Controlling the scope of side effects

Since the relational model is value-based, you can have mutability and control over the scope of side effects at the same time: when you update the state of an automaton instance in Cell you've the guarantee that nothing else is affected, because automata don't share mutable state (and also because state mutation and I/O cannot be mixed, of course). That combines the advantages of functional and imperative programming, while mostly avoiding the problems of both: when you can control the scope of side effects it becomes much easier to reason about your code, and you can safely update different automata concurrently, but with most of the convenience and performance that comes from being able to update the application's state in place.

But once you introduce pointers in your data model, it becomes very difficult to retain any amount of control over the scope of the side effects (if there's an effective way to do it, I'm not aware of it). By mutating an object, you affect any part of your program from which such object can be reached, either directly or indirectly.

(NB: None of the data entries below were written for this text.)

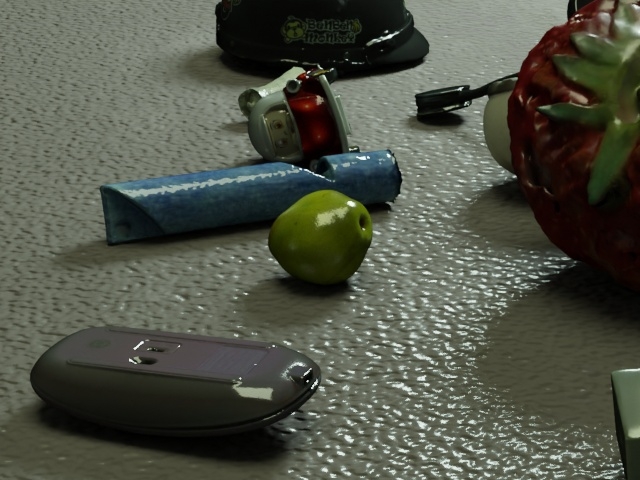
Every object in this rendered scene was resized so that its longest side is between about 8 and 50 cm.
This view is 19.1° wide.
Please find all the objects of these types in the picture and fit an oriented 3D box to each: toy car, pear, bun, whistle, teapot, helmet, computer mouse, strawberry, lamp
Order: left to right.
[{"bbox_3d":[-0.114,0.113,1.493,0.232,0.057,0.120,5,22,20],"label":"computer mouse"},{"bbox_3d":[-0.069,-0.046,1.898,0.304,0.062,0.062,-8,23,-20],"label":"whistle"},{"bbox_3d":[-0.049,-0.165,2.216,0.083,0.057,0.067,-21,25,-27],"label":"teapot"},{"bbox_3d":[-0.024,-0.128,2.072,0.112,0.112,0.139,-17,12,0],"label":"toy car"},{"bbox_3d":[0.000,0.000,1.754,0.097,0.092,0.092,-7,15,32],"label":"pear"},{"bbox_3d":[0.002,-0.314,2.454,0.279,0.160,0.230,-3,20,-3],"label":"helmet"},{"bbox_3d":[0.229,-0.218,2.099,0.130,0.108,0.371,-19,6,-27],"label":"lamp"},{"bbox_3d":[0.257,-0.109,1.970,0.173,0.119,0.173,-6,-4,0],"label":"bun"},{"bbox_3d":[0.323,-0.070,1.741,0.292,0.310,0.291,-11,46,12],"label":"strawberry"}]

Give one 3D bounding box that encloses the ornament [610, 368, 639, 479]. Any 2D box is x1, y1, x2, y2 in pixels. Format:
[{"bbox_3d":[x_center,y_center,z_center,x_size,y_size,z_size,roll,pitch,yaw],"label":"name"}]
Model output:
[{"bbox_3d":[0.347,0.124,1.376,0.285,0.120,0.130,-8,43,-15],"label":"ornament"}]
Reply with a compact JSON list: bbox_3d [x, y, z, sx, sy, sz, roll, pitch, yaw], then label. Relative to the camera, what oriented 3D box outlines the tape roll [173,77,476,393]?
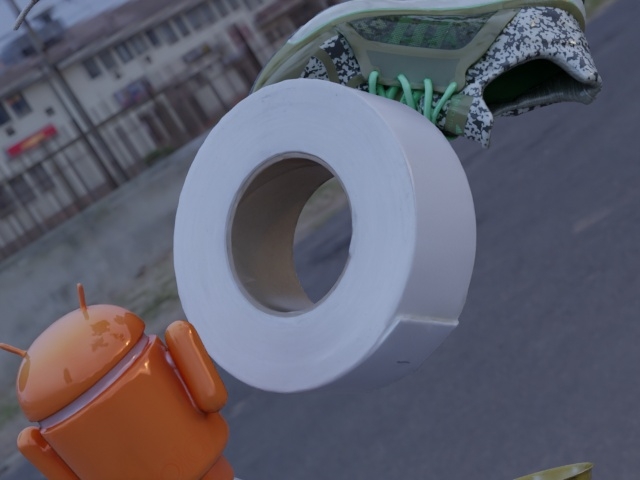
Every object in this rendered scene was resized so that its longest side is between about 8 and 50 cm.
[{"bbox_3d":[0.000,0.000,1.270,0.286,0.286,0.100,-28,-22,32],"label":"tape roll"}]

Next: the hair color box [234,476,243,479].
[{"bbox_3d":[-0.086,0.364,1.893,0.043,0.072,0.141,-55,-33,-1],"label":"hair color box"}]

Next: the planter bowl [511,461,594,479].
[{"bbox_3d":[0.357,0.437,2.280,0.217,0.090,0.217,-17,-5,-2],"label":"planter bowl"}]

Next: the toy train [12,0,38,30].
[{"bbox_3d":[-0.184,-0.265,1.084,0.248,0.105,0.143,-45,-15,7],"label":"toy train"}]

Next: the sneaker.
[{"bbox_3d":[0.121,-0.169,1.509,0.410,0.158,0.182,-18,46,-3],"label":"sneaker"}]

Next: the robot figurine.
[{"bbox_3d":[-0.161,0.143,1.153,0.158,0.219,0.128,-25,18,51],"label":"robot figurine"}]

Pointer aliasing is incompatible with reactive programming

Let's illustrate that with an example. Say you've two variables, x and y, and you want y = f(x) to hold in your program at any time. Moreover, let's say that evaluating f(x) is computationally expensive, so that you cannot afford to do it every time you need to read the value of y. That's the kind of task reactive programming is for. In a reactive system, every time x changes, f(x) is automatically reevaluated and the result stored in y. But in order for the compiler to insert the under-the-hood code that does so, it must be able to detect when x changes. With a value-based data model that's easy to to: a variable can change only if a new value is explicitly assigned to it. But in the presence of pointer aliasing that's not possible anymore, at least in the general case. That's because there can be other references to whatever object x is pointing to, and any of them can be used to mutate it. Moreover, any change of state of any object that is reachable from x even indirectly can be enough to change the result of the evaluation of f(x).

There are, of course, reactive frameworks for object-oriented languages. For the most part, they just pretend that the above problem can't happen, and typically place the burden of detecting when a given data structure has changed on the programmer. The end result is that the code ends up being a lot more complex than it needs to be, thereby obfuscating the much simpler underlying logic. There are also other, more subtle (and insidious) problems: for example, when dealing with non-trivial reactive systems, where changes are propagated through several layers of state, all recalculations have to be done in a very specific order to ensure that they never make use of "stale" values (check the Wikipedia article on reactive programming for more details). In a value-based language, the compiler can easily figure out the correct order, but with objects that's not possible anymore and those recalculations end up being done in what is basically a random order.

Other frameworks, like ReactiveX, eschew the notion of state altogether and go fully functional (even though they are designed for imperative languages), with computation being expressed as the composition of functions that transform streams of events. That's a sound and interesting approach, but it takes a rather restrictive view of reactive programming, whose underlying ideas are useful in many context where that specific approach cannot be employed.